IE 11 is not supported. For an optimal experience visit our site on another browser.

U.N.: Drought leaves millions hungry in E. Africa

A severe drought, high food prices and conflict have left more than 5 million people hungry across the Horn of Africa, the head of U.N.'s World Food Program says.
Image: A draught-stricken region in Kenya
A worker tries to lift up a weak cow from among the carcasses in a paddock at the Kenya Meat Commission factory near Athi River, 31 miles east of Nairobi in September 2009.Thomas Mukoya / Reuters
/ Source: The Associated Press

A severe drought, high food prices and conflict have left more than 5 million people hungry across the Horn of Africa, the head of U.N.'s World Food Program said Saturday.

The drought began with the failure of rains late last year in northern and eastern regions of Kenya, south-central Somalia and eastern Ethiopia, said the agency's executive director, Josette Sheeran.

Sheeran on Saturday visited Nairobi, Kenya's capital, on a fact-finding mission.

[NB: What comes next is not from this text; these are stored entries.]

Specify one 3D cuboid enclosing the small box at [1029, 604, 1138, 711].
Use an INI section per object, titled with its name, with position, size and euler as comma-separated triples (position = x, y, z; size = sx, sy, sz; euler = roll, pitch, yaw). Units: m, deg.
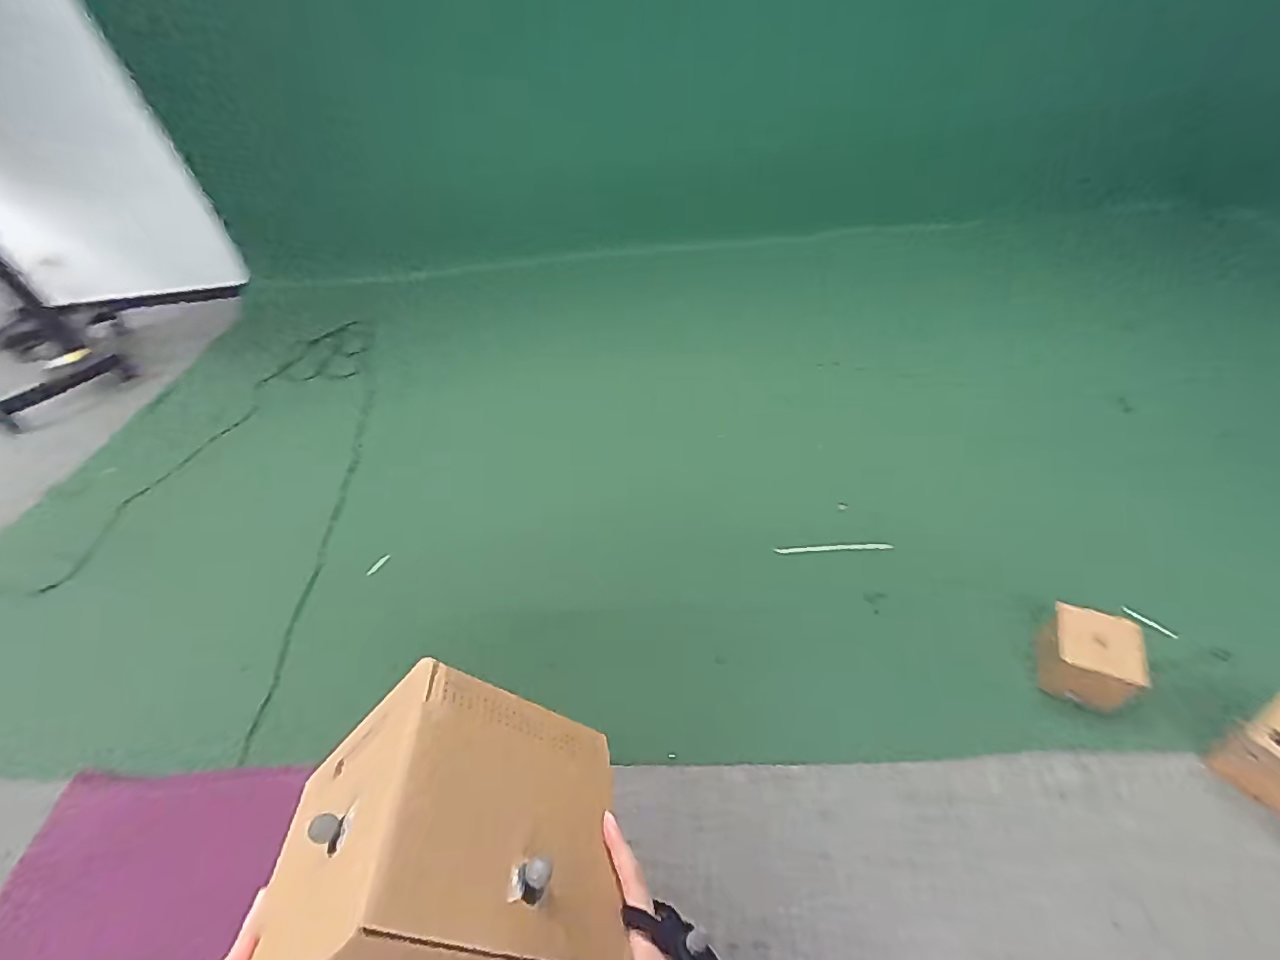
[small box]
position = 1.125, 0.456, 1.387
size = 0.168, 0.176, 0.179
euler = 14, 49, 22

"More and more people need help in the Horn and we're now on high alert over the impact of the March to May long rains," Sheeran said, adding that last year's rain failure increased the number of people in need of assistance by 1.4 million.

Sheeran warned that the number of people in need of food assistance could increase further if the region, which includes Djibouti and parts of Uganda, continues to receive poor rains.

"The outlook for the rains in eastern parts of the Horn is worrying, especially combined with rising food and fuel prices and conflict," Sheeran said in a statement. "If the latest meteorological forecasts of below-normal long rains in the eastern Horn are correct, the crisis will worsen in those areas and more people will go hungry."

Peter Smerdon, the agency's Nairobi-based spokesman, said the price for a 110-pound (50-kilogram) bag of maize has increased from 25 to 120 percent in some remote parts of the Horn, while cereal prices of the same size are expected to increase by 40 to 50 percent in the next six months.

The global rise of food and fuel prices are compounding the pressure on the poorest, many of whom hadn't yet recovered from the brutal 2007 to 2009 regional drought in the region, said Sheeran.

The U.N.'s Food and Agriculture Organization said last month that global food prices are the highest in 20 years and could increase further because of rising oil prices stemming from the unrest in Libya and the Mideast. The increase was driven mostly by higher prices of cereals, meat and dairy products, FAO said.

Sheeran said WFP so far has 44 percent of the resources it needs to feed more than 5 million people in Kenya, Somalia, Ethiopia, Djibouti and the Karamoja region of eastern Uganda from April through September.

"The shortfall will hamper our efforts to provide food where it is needed most," she said.